This is similar to the initiator column in Chromium's developer tools
interface, but 1. for every action and event that happened during a
page's execution, 2. serialized in a graph format that enables after-the-fact
measurements and investigations, and 3. with an even higher level of
accuracy.
PageGraph has three parts:
- patches and additions to the version of Blink included in desktop and Android versions of the Brave Browser.
- pagegraph-crawl, a node program for crawling pages in PageGraph and recording the output as GraphML format XML files, and
- pagegraph-query, this tool, for querying and asking questions of the resulting PageGraph recordings.
This main way to use this tool is from the commandline, through the included
pagegraph-query command (or the included run.py script). Different
kinds of queries are wrapped up as subcommands. You can find more information
about each of these queries using --help.
usage: PageGraph Query [-h] [--version] [--debug]
{elm,html,js-calls,requests,scripts,subframes,unknown,validate} ...
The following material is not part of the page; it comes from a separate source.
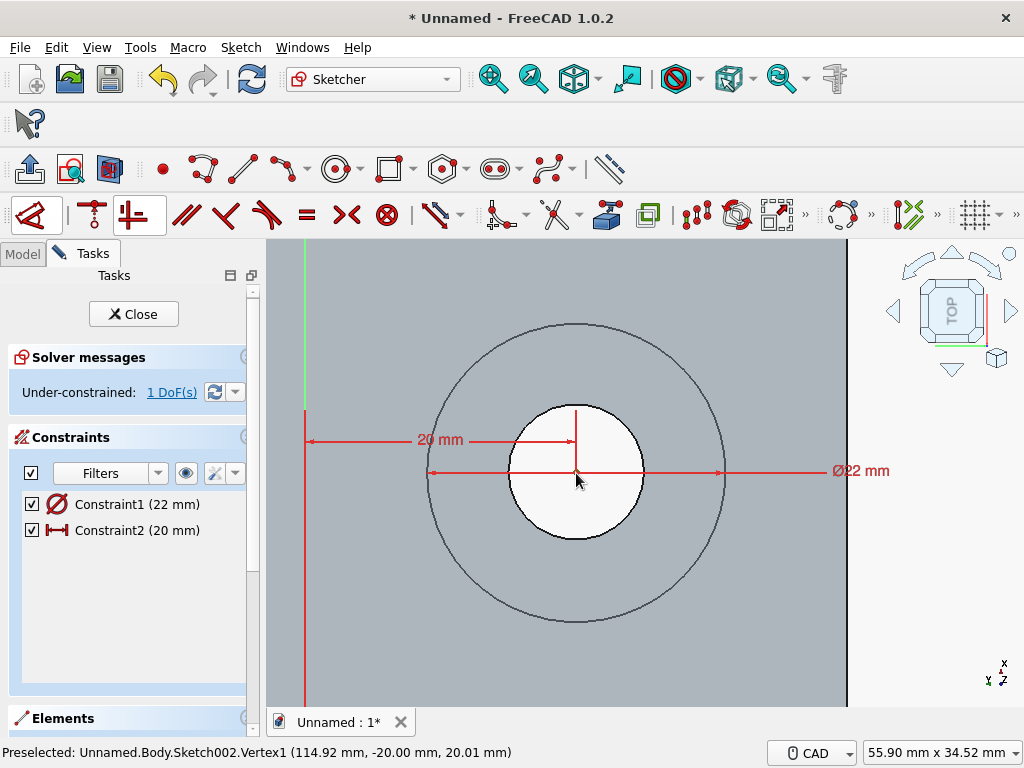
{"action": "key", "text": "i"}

Extracts information about a Web page's execution from a PageGraph recordings.
positional arguments:
{elm,html,js-calls,requests,scripts,subframes,unknown,validate}
elm Print information about a node or edge in the graph.
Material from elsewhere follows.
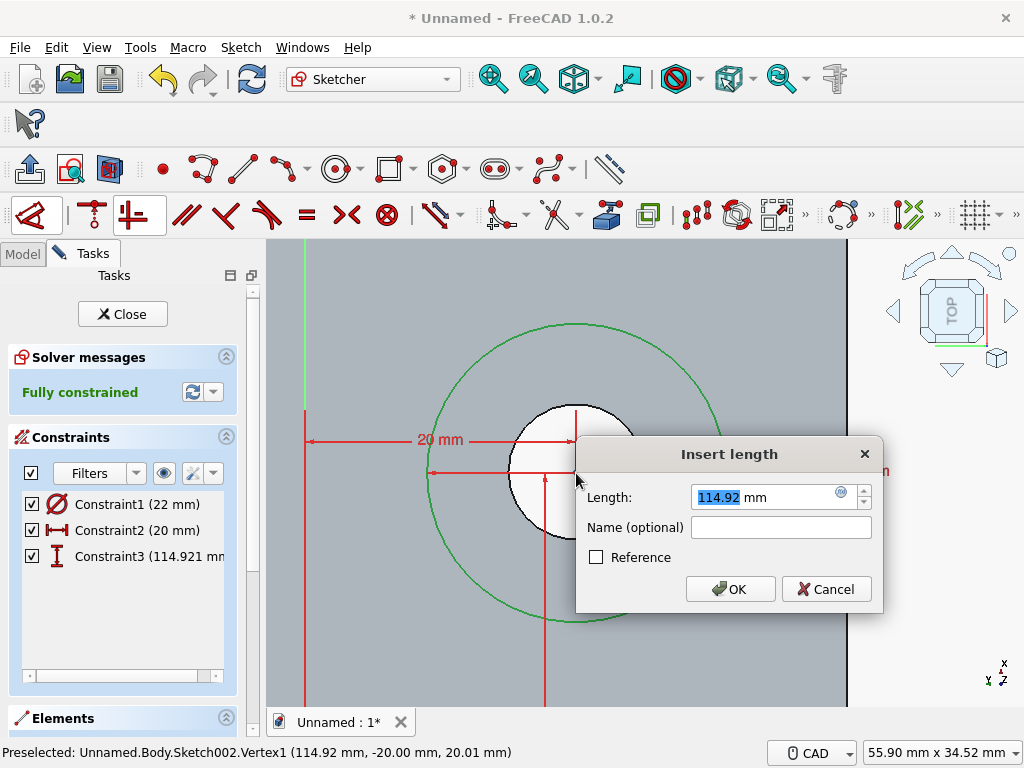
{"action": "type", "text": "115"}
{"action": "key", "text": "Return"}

html Print information about the HTML elements in a
document.
js-calls Print information about JS calls made during page
execution.
requests Print information about requests made during
execution.
scripts Print information about JS execution during page
execution.
subframes Print information about subframes created by page.
unknown Print information about any events that occurred where
we could not attribute the script event to a running
script. (note this is different from the 'validate'
command, which only checks if the structure of the
graph is as expected).
validate Runs all validation and structure checks against a
graph.
options:
-h, --help show this help message and exit
--version show program's version number and exit
--debug